Simply put, a chargeback is when the credit card provider (i.e.: Visa or MasterCard, or your Bank) reverses a disputed transaction. It’s like a forced refund. When a chargeback happens, the disputed funds are held from the business until the card issuer works things out and decides what to do. If the bank rules against you, those funds are returned to the cardholder. If the bank rules in your favor, they’ll send the disputed funds back to you.

How many children did Cleopatra of ancient Egypt have?

The answer is four. Her eldest son Caesarion was born on June 23, 47 BC.  His father was Julius Caesar. After Julius Ceasar died, Cleopatra eventually began a relationship with Marc Antony. Together they had three children. Their first two children were twins Alexander Helios and Cleopatra Selene.  They were born in 40 BC. After the twins, Cleopatra gave birth to her fourth and final child (her 3rd with Marc Antony). Her youngest child was a son whom she named Ptolemy Philadelphus.

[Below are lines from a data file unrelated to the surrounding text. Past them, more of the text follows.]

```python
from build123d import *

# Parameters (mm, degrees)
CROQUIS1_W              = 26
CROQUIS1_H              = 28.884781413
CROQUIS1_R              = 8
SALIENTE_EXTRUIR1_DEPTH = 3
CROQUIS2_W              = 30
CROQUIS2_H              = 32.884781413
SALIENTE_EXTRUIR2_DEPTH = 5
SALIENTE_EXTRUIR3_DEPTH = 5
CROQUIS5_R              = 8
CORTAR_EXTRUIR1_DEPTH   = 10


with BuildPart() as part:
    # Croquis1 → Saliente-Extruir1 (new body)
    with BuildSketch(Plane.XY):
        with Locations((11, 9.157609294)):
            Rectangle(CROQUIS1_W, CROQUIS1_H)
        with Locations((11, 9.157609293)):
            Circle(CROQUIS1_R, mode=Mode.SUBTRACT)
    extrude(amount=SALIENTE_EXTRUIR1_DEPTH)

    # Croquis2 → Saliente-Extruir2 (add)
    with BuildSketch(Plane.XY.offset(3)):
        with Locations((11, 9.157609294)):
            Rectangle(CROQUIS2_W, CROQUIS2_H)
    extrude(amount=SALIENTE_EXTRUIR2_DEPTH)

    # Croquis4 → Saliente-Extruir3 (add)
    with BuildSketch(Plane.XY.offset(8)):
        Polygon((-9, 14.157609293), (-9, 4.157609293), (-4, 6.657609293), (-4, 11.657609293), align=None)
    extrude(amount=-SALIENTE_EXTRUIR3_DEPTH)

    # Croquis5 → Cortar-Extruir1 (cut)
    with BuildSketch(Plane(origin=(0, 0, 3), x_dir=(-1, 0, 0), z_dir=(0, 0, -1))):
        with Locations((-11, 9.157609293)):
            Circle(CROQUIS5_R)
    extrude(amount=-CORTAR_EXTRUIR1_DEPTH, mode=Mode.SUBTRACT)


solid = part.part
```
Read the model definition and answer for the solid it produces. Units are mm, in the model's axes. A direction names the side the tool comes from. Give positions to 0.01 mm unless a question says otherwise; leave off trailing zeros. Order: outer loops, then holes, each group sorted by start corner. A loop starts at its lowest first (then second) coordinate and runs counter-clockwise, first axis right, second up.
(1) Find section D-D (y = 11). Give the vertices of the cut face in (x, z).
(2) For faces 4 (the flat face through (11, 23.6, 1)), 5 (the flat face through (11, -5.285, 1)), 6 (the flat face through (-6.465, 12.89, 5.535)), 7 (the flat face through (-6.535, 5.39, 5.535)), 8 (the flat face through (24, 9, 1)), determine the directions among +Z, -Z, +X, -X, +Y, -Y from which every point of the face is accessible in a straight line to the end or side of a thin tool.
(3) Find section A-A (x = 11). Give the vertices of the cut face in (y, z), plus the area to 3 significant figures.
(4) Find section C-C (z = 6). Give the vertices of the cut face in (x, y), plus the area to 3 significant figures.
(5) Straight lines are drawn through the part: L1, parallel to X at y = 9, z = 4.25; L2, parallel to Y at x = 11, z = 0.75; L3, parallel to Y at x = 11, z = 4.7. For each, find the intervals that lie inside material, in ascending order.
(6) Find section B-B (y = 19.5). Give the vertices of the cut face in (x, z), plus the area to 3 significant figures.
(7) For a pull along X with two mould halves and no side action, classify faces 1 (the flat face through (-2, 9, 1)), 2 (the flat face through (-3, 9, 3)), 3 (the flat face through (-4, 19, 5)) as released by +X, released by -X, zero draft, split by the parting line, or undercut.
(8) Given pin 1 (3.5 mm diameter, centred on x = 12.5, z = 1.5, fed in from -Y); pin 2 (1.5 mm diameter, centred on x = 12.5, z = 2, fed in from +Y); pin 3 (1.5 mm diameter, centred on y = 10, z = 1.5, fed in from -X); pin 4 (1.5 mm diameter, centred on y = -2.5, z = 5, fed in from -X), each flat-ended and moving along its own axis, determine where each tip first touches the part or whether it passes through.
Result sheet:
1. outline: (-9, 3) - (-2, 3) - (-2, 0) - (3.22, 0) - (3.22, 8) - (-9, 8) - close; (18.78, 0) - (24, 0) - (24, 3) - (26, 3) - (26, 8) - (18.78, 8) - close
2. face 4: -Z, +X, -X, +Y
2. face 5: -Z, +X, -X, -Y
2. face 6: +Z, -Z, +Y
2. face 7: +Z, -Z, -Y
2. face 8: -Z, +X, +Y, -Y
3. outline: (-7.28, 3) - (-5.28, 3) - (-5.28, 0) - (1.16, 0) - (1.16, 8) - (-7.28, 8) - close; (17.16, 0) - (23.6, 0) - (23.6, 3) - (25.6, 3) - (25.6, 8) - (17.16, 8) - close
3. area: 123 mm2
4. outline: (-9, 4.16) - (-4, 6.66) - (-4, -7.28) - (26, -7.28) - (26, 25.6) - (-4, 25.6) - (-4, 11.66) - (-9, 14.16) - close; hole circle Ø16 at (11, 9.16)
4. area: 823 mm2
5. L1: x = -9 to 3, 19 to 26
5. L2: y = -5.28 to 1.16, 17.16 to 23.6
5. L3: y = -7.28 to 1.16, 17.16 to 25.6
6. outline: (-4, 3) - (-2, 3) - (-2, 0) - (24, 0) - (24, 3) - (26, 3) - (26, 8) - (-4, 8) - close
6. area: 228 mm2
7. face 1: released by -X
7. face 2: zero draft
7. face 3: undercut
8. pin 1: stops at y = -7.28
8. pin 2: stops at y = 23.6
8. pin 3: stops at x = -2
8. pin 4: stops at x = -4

He was born in either August or September of 36 BC, meaning he was only 6 years old when his mother died.

Hundred was derived from what Norse number?

The short answer would be hundrað.

Basically, the word hundred comes from Old English hundred, from Proto-West Germanic *hundarad, from Proto-Germanic *hundaradą (“hundred”); some forms are remodeled on Old Norse hundrað.

If 1+1=2 and 1*1=2, then what is 1/1?

The short answer is 1. 1 divided by 1 = 1.

Who was the 7th President of the United States, and how many children did he have?

Andrew Jackson was the 7th President of the United States.

Andrew and Rachel never had any biological children of their own, yet there were always children living at The Hermitage.

When Rachel’s brother and sister-in-law gave birth to twin boys, the Jacksons adopted one of them as their own in 1809. Named Andrew Jackson Jr., he would grow up at The Hermitage but also remain close to his biological brother and parents, now his cousin, aunt and uncle. He went on to marry and have five children of his own.

Jackson also became the legal guardian to a number of other children, including a Native American orphan Jackson found in battle.

How many planets are in our solar system?

8. The eight planets are Mercury, Venus, Earth, Mars, Jupiter, Saturn, Uranus, and Neptune.